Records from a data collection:

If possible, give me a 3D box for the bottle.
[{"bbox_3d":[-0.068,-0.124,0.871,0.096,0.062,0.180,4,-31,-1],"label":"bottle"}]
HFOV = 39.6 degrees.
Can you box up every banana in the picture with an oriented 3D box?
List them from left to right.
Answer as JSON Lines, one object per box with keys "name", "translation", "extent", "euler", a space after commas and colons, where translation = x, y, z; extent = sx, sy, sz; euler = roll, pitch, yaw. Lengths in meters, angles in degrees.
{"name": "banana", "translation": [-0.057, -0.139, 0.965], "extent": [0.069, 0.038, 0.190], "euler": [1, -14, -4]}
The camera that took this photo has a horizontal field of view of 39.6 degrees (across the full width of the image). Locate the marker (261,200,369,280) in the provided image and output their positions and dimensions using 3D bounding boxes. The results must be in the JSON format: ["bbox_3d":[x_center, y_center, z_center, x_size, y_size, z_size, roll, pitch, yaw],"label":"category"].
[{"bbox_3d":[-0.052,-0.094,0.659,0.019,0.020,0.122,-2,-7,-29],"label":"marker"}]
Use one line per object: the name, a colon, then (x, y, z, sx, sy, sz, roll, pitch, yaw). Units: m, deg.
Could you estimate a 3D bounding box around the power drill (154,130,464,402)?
--
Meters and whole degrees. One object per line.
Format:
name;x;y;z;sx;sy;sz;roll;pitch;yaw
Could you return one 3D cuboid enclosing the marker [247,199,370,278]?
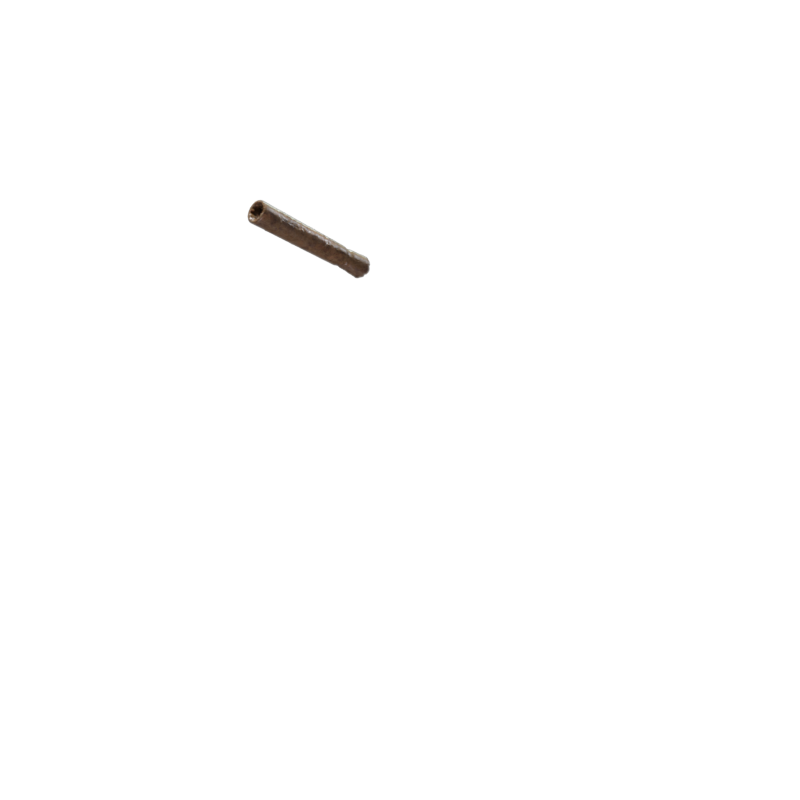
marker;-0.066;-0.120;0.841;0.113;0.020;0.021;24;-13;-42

Work instruction:
Write down again, exactly as given, only the lines above that fall from the line with "Can you box" to the line with "Could you estimate", inclusive.

Your response:
Can you box up every banana in the picture with an oriented 3D box?
List them from left to right.
Answer as JSON Lines, one object per box with keys "name", "translation", "extent", "euler", a space after commas and colons, where translation = x, y, z; extent = sx, sy, sz; euler = roll, pitch, yaw. Lengths in meters, angles in degrees.
{"name": "banana", "translation": [-0.057, -0.139, 0.965], "extent": [0.069, 0.038, 0.190], "euler": [1, -14, -4]}
The camera that took this photo has a horizontal field of view of 39.6 degrees (across the full width of the image). Locate the marker (261,200,369,280) in the provided image and output their positions and dimensions using 3D bounding boxes. The results must be in the JSON format: ["bbox_3d":[x_center, y_center, z_center, x_size, y_size, z_size, roll, pitch, yaw],"label":"category"].
[{"bbox_3d":[-0.052,-0.094,0.659,0.019,0.020,0.122,-2,-7,-29],"label":"marker"}]
Use one line per object: the name, a colon, then (x, y, z, sx, sy, sz, roll, pitch, yaw). Units: m, deg.
Could you estimate a 3D bounding box around the power drill (154,130,464,402)?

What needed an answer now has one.